Sosyal Demokrat Parti SPD 470.000 üyesinin oyuna baş vurarak koalisyonda yer alıp almayacağını belirleyeceğini söyledi yani bir nevi parti içi referandum bu. Ama riskli, sonucunda başarılı olunamazsa lider kadrosunu tamamen yok edecek bir girişim.

Yeşiller`in oy kaybı bu partide yönetimi değiştiriyor. Roth ve Trittin gibi güçlü isimler artık 2. kademede kalacaklar, kavgalar şimdiden başlamış bulunuyor. Eee görünürde bir Gezi olayı da yok. Claudia hanım showunu artık mahalle aralarında yapar veya anılarını kadın sığınma evindeki bayanlara anlatır.

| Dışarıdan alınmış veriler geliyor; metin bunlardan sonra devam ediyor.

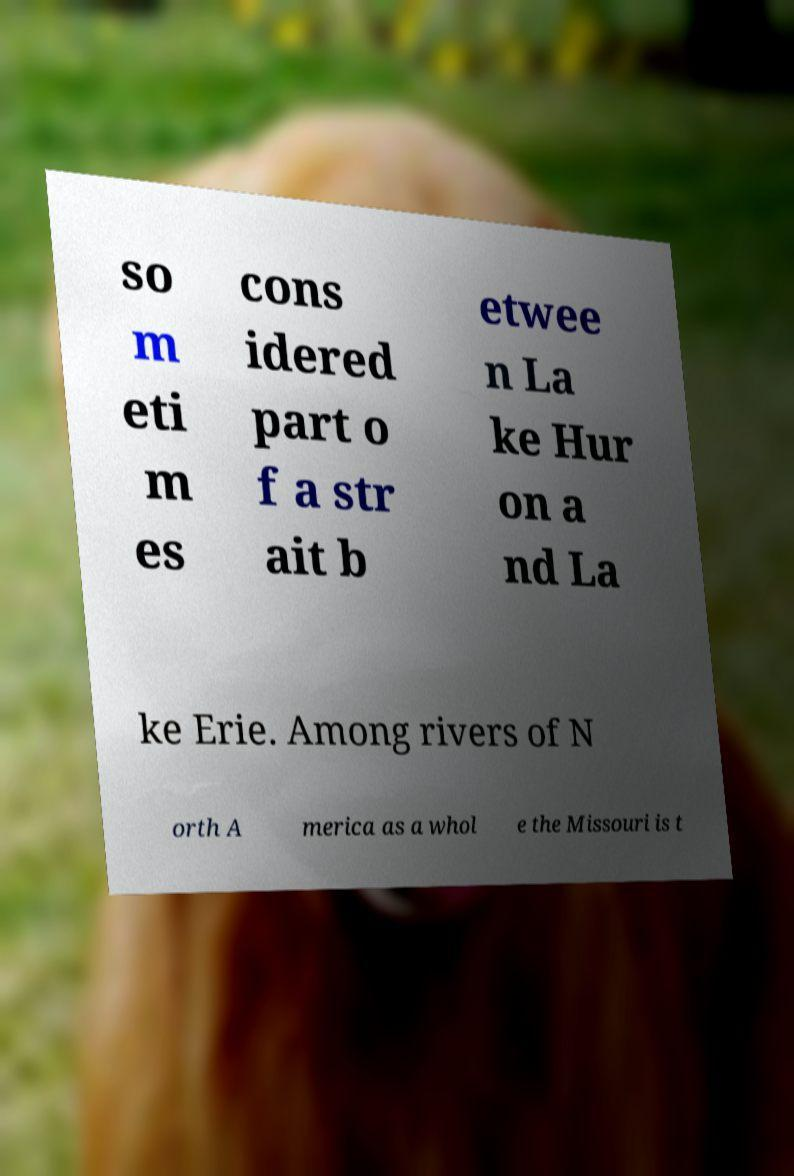Could you assist in decoding the text presented in this image and type it out clearly? so m eti m es cons idered part o f a str ait b etwee n La ke Hur on a nd La ke Erie. Among rivers of N orth A merica as a whol e the Missouri is t 
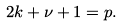Convert formula to latex. <formula><loc_0><loc_0><loc_500><loc_500>2 k + \nu + 1 = p .</formula>

Seçimlerden sonra SPD, Yeşiller ve FDP istediği sonuçları almamanın şaşkınlığını yaşıyorlar. Ne yapacağını bilen sadece CDU ve Sol Parti. Almanya`da 22 Eylül Federal Seçimlerinden sonra siyasi "artçı depremler" partiler de daha çok yıkıma neden olacak gibi.

Bir yönüyle de bu seçimlerdeki oy dağılımı göstermiştir ki; Alman seçmenler eşcinsel, pedofili ve ensest yaklaşımları olan sapkın politicakacılardan ziyade muahafazakar adayları seçmişlerdir. Bu da Almanların aile yaşantısına verdikleri değer ve önemin artmakta olduğunu göstermesi açısından önemlidir.

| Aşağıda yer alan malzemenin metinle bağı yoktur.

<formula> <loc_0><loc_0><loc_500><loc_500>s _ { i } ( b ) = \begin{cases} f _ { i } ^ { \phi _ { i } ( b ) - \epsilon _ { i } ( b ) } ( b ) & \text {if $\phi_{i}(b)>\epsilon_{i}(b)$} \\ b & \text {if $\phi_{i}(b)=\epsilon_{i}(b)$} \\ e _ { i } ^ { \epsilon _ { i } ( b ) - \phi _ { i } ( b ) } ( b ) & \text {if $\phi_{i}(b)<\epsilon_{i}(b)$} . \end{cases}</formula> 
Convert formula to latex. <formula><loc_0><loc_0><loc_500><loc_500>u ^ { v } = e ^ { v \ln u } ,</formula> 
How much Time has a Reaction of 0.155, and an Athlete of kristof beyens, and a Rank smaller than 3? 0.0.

Almanya’daki Türklerden 11 Milletvekili meclise girmiş durumda, yalnız bunlarda belli bir kesimi temsil eden, halkın tamamını kucaklayamayan kişiler. Alman kökenli seçmenlerin oyu olmadan hiç bir Türk, sadece Türk seçmenlerin oylarıyla seçilemez, bu imkansızdır. BIG gibi ayrı bir parti macerası yanlış ve tutarlı değil. BIG’ in almış olduğu oy miktarı, hem adayların hemde parti politikalarının ve de varlık sebeplerinin yanlışlığını ortaya alenen koymuştur. Türk seçmeni homojen bir yapıya sahip olmadığı için Türk adaylar Demokratik her partide kendisine yer bulacak birikime ve derinliğe sahip olmalıdırlar. Bunun için Türk kökenli vatandaşların mevcut siyasi partilerde siyaset yapmaları daha akılcı ve verimli olacaktır.

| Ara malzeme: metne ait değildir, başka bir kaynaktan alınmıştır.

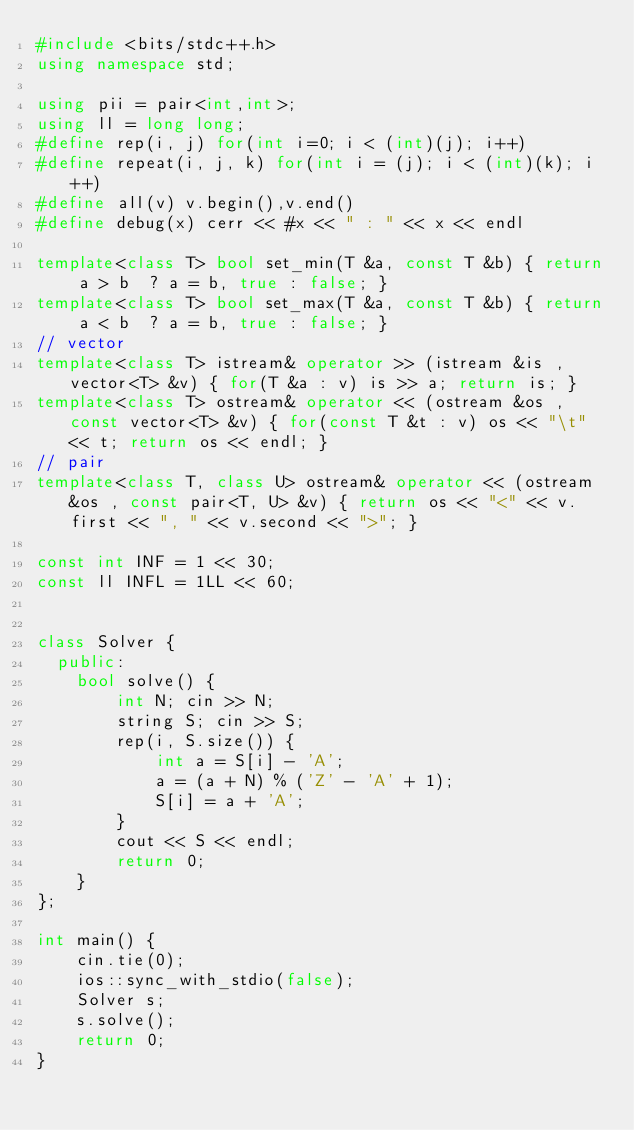<code> <loc_0><loc_0><loc_500><loc_500><_C++_>#include <bits/stdc++.h>
using namespace std;

using pii = pair<int,int>;
using ll = long long;
#define rep(i, j) for(int i=0; i < (int)(j); i++)
#define repeat(i, j, k) for(int i = (j); i < (int)(k); i++)
#define all(v) v.begin(),v.end()
#define debug(x) cerr << #x << " : " << x << endl

template<class T> bool set_min(T &a, const T &b) { return a > b  ? a = b, true : false; }
template<class T> bool set_max(T &a, const T &b) { return a < b  ? a = b, true : false; }
// vector
template<class T> istream& operator >> (istream &is , vector<T> &v) { for(T &a : v) is >> a; return is; }
template<class T> ostream& operator << (ostream &os , const vector<T> &v) { for(const T &t : v) os << "\t" << t; return os << endl; }
// pair
template<class T, class U> ostream& operator << (ostream &os , const pair<T, U> &v) { return os << "<" << v.first << ", " << v.second << ">"; }

const int INF = 1 << 30;
const ll INFL = 1LL << 60;


class Solver {
  public:
    bool solve() {
        int N; cin >> N;
        string S; cin >> S;
        rep(i, S.size()) {
            int a = S[i] - 'A';
            a = (a + N) % ('Z' - 'A' + 1);
            S[i] = a + 'A';
        }
        cout << S << endl;
        return 0;
    }
};

int main() {
    cin.tie(0);
    ios::sync_with_stdio(false);
    Solver s;
    s.solve();
    return 0;
}
</code>

Türkler bundan böyle sadece oy kullanan değil, partilere üye olup aktif sorumluluk alarak hassasiyetlerini parti organlarına aktarma durumundadırlar. Siyasi partilerin bu seçimden sonraki mevcut karmaşa ve arayışları bu açıdan Türklerin ekmeğine yağ değil, tereyağı sürmektedir.

Yeterki geniş kitlelere söz geçiren STK’lar, böl ve yönet oyununa, küçük olsun ama benim olsun anlayışına sahip olmasınlar.

Bu seçimlerdeki birlik ve beraberlik bir sonraki Federal Alman seçimlerinin Türkler için daha da önemli başarılar getireceğinin müjdecisi olmuştur.